Всеславский перевернул страницу.

Предисловие

Смею заверить Вас, мой дорагой lecteur, что в этой livre речь будет идти не только о событиях и людях, которых и вовси не было, но и которые даже были и с которыми votre serviteur не один раз на своём вику имел встречи лично, и даже имел очень хорошее познаватильное communication, и даже…

“Гениально, — думал Всеславский, — автор считает обильное употребление варваризмов признаком литературного новаторства”.
Он решил пропустить предисловие и стал листать страницы, гадая, когда же оно кончится. Прибауткин поставил точку в занявшем четверть книги вступлении лишь после изречения: 
“Так, как я считаю всех francais дам пышными, как диваны, на которых они лежат, потягевая вина и предаваясь грёзам о лащёных жандармских усах, а также impudent, наглыми и имеющими нипременно дворянское происхождение от каких-нибудь герцогов, придворных или королей но не в коем случае не от мужиков-крестьян с их бабами, которые, по определению своиму, sale, низки и неспособны ни на что вообще, что следует из сложившихся на протяжении веков абсалютно верных стереотипов, то об одной такой диванной женщине, высокой в чуствах своих любовно-амурных и будет мой roman”.
Всеславскому уже стало всё ясно. Он перестал читать, а только мельком пробегал по строчкам новаторского любовного произведения. Глаза его спотыкались об напичканные инородными словами пустые предложения, объёмистые, неуклюжие обороты и разномастные ошибки. Терпение его лопнуло на слове “тонее”. Оно повстречалось ему в пятом абзаце 234 страницы, которую полностью заняло описание корсета госпожи де Дюплюр.
-   Вы прескверно пишете, — сказал Всеславский.
-   Это как? Это почему?.. – встрепенулся Прибауткин.
-   Что это, например, за “тонее”? Описка?
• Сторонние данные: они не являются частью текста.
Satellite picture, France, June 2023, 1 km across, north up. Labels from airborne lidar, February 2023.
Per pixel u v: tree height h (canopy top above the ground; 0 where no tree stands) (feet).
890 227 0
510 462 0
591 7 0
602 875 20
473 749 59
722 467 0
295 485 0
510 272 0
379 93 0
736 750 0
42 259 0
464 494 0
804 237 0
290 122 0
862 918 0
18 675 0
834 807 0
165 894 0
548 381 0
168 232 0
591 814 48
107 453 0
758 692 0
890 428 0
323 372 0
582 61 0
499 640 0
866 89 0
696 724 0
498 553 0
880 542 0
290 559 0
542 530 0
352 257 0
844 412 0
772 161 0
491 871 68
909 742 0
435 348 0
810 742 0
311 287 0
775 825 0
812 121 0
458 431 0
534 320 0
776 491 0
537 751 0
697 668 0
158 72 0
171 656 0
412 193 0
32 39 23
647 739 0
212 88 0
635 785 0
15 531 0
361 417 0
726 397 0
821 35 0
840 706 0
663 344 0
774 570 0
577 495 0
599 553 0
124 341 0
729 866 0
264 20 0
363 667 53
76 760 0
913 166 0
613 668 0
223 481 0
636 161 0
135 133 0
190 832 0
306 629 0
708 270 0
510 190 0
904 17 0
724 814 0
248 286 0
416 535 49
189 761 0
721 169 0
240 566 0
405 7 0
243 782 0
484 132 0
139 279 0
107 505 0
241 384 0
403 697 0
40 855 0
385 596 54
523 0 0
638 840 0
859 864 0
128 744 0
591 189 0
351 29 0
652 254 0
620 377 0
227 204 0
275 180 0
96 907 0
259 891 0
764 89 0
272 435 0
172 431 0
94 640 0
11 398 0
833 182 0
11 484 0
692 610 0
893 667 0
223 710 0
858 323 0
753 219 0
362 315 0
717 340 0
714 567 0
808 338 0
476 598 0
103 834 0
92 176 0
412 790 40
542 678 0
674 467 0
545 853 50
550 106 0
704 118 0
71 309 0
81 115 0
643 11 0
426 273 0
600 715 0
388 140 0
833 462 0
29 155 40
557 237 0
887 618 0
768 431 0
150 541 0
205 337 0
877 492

Не похоже.
-   Гоголь писал “тонее”.
-   Где же?
-   В “Повести о том, как поссорился Иван Иванович с Иваном Никифоровичем”.
-   Не равняйтесь на Гоголя.
Прибауткин вскочил со стула и воспылал. Никак не ожидал Всеславский подобного поведения от столь кроткого, на первый взгляд, субъекта.
-   Вот что я скажу вам, господин редактор. У нас вообще всё вертится вокруг слепого почитания авторитетов, и литература тоже вокруг этого вертится. Сделай какой никчёмный щелкопёр вроде меня нечто невиданное, напиши какое слово, которое мало где знают, то это сразу всё! Пошёл вон! вышел вон, Прибауткин, от ворот тебе, не так ты написал! А напиши то же самое великий человек, то на следующий день прилавки забьются монографиями, где всякие высоколобые знатоки вроде вас будут разглагольствовать об этом слове, о его уместности и звучности, а потом его внесут во все государственные словари. Вы говорите не равняться на Гоголя. Что же он, не из плоти и крови, этот Гоголь ваш? Что он, бог или архангел? Как хотите, а “тонее” не исправлю, — кончив столь импульсивную речь, измождённый Прибауткин упал на стул.
-   В вашем рассуждении есть светлые моменты, — совершенно спокойно произнёс Всеславский. – Пожалуй, я соглашусь с вами. Будьте добры вкратце описать мне фабулу.
-   Что вам описать? – вопросил Прибауткин с недоумением.
-    Фабулу. Сюжет, цепь событий, нить повествования. Опишите мне её.
-   Ну, постараюсь… Значит, вот, пышная французская женщина Дюплюр имеет бесчисленные любовные связи. Это у меня чрезвычайно своеобразно обыграно, и, согласитесь, когда любовных связей много – это оригинально и новаторски. И вот, значит, у ней воспаляются амурные ощущения до очень высоконравственного и чрезвычайно благородного жандарма д`Юплюпю. Сей жандарм убивает девятнадцать её любовников на дуэлях, каждой из которых в романе уделена глава. Все эти поединки очень разные и, несомненно, завлекут читателя своею авантюрой. Потом он говорит госпоже Дюплюр высокую речь о служении родине, признаётся ей в любви и уходит статно и подобающе. Сия катавасия творится на глазах у многих и под их слёзы и причитания, что многое символизирует и означает. Через год жандарм возвращается с войны и застаёт госпожу с очередным, значит, любовником. – Прибауткин откашлялся и продолжил. – Тут, значит, он, воспылав своими жаркими чувствами, саблей сносит голову возлюбленной и её кавалеру, после чего стреляет себя. Над философской натуралистичностию  этой сцены я корпел целую неделю и три дня. Что вы скажете?
-   Я скажу следующее. Если под новаторством вы подразумеваете неестественную пошлость, то да – роман новаторский. Сентиментальным назвать его язык не поворачивается. Я услышал и прочёл довольно для заявления, что поступки и эмоции персонажей однобоки, грубы, будто вырваны из некоего бульварного водевиля и нелепо приколочены к трагическому антуражу.
Повисло молчание.
-   Вы кто по чину? – спросил Всеславский спустя минуту, легко усмехнувшись.
-   Коллежский секретарь.
-   Это хорошая выслуга. Но причём здесь литература, ваше благородие? Неужто вам тесно в вашем жизненном пространстве?
Прибауткину, кажется, чрезвычайно польстило чинное обращение. Тем не менее, он не ответил.
-   Это провал, да? – наконец спросил он. – Я могу пробовать издать роман за свой счёт?..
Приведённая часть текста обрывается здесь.